Machine Learning vs. Deep Learning – Understanding the Difference

Machine learning vs. deep learning

As product managers, we’re going to need to build a lot of trust with our technical counterparts so that, together, we can build an amazing product that works as well as it can technically. If you’re reading this course, you’ve likely come across the phrases ML and DL. We will use the following sections titled ML and DL to go over some of the basics, but keep in mind that we will be elaborating on these concepts in later lessons.

Machine learning

In its basic form, ML is made up of two essential components:

• The models used

• The training data it’s learning from

These data are historical data points that effectively teach machines a baseline foundation from which to learn, and every time we retrain the models, the models are theoretically improving. How the models are chosen, built, tuned, and maintained for optimized performance is the work of data scientists and ML engineers. Using this knowledge of performance toward the optimization of the product experience itself is the work of product managers. If we’re working in the field of AI product management, we’re working incredibly closely with our data science and ML teams.

These are the four major areas of ML, and each area is going to have its particular models and algorithms that are used in each specialization. The learning type has to do with whether or not we’re labeling the data and the method we’re using to reward the models we’ve used for good performance. These learning types are relevant whether our product is using a DL model or not, so they’re inclusive of all ML models.

Deep learning

DL is a subset of ML, but the terms are often used colloquially as almost separate expressions. The reason for this is DL is based on neural network algorithms, and ML can be thought of as… the rest of the algorithms. In ML, we take data, use it to train our models, and use that trained model to predict new future data points. Every time we use the model, we see how off it was from the correct answer by getting some understanding of the rate of error so we can iterate back and forth until we have a model that works well enough. Every time, we are creating a model based on data that has certain patterns or features.

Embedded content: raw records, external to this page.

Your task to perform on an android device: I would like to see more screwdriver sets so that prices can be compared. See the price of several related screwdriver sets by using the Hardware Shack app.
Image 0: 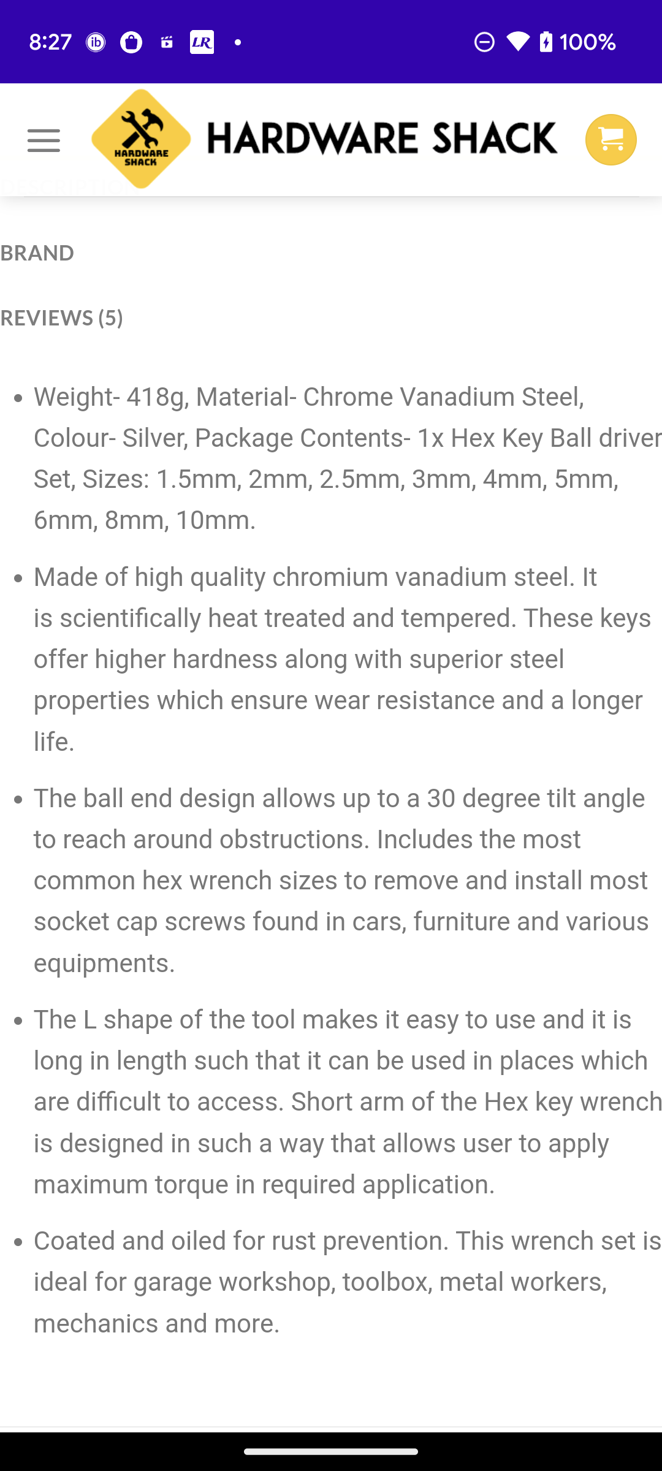
swipe up for similar products
Step 0: scroll down
Image 1: 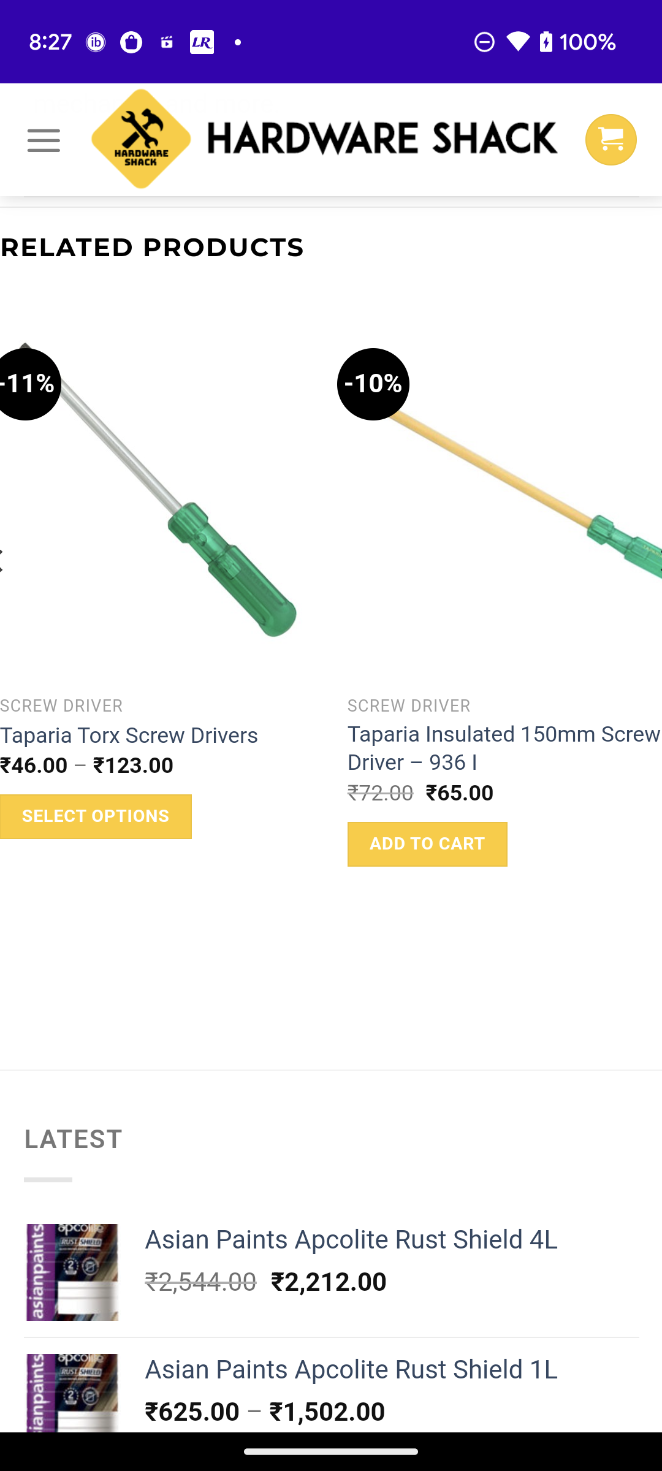
swipe left the related products to compare price
Step 1: scroll right

This process is the same in DL, but one of the key differences of DL is that patterns or features in our data are largely picked up by the DL algorithm through what’s referred to as feature learning or feature engineering through a hierarchical layered system. We’ll go into the various algorithms because there are a few nuances between each, but as we continue developing our understanding of the types of ML out there, we’ll also start to group the various models that make up these major areas of AI (ML and DL). For marketing purposes, we’ll, for the most part, see terms such as ML, DL/neural networks, or just the general umbrella term of AI referenced where DL algorithms are used.

Opaque-box models

It’s important to know the difference between what these terms mean in practice and, at the model level, how they’re communicated by non-technical stakeholders. As product managers, we are toeing the line between the two worlds: what engineering is building and what marketing is communicating. Anytime we’ve heard the term opaque-box model, it’s referring to a neural network model, which is DL. The reason for this is DL engineers often can’t determine how their models are arriving at certain conclusions, creating an opaque view of what the model is doing. This opacity is double-sided, both for the engineers and technologists themselves, as well as for the customers and users downstream who are experiencing the effects of these models without knowing how they make certain determinations. The DL neural networks are mimicking the structure of the way humans are able to think using a variety of layers of neural networks.

Challenges for AI product managers

For product managers, DL poses a concern for understandability because there’s very little we can understand about how and why a model is arriving at conclusions, and depending on the context of our product, the importance of understandability could vary. Another inherent challenge is these models essentially learn autonomously because they aren’t waiting for their engineer to choose the features that are most relevant in the data for them; the neural networks themselves do the feature selection. It learns with very little input from an engineer. Think of the models as the what and the following section of learning types as the how.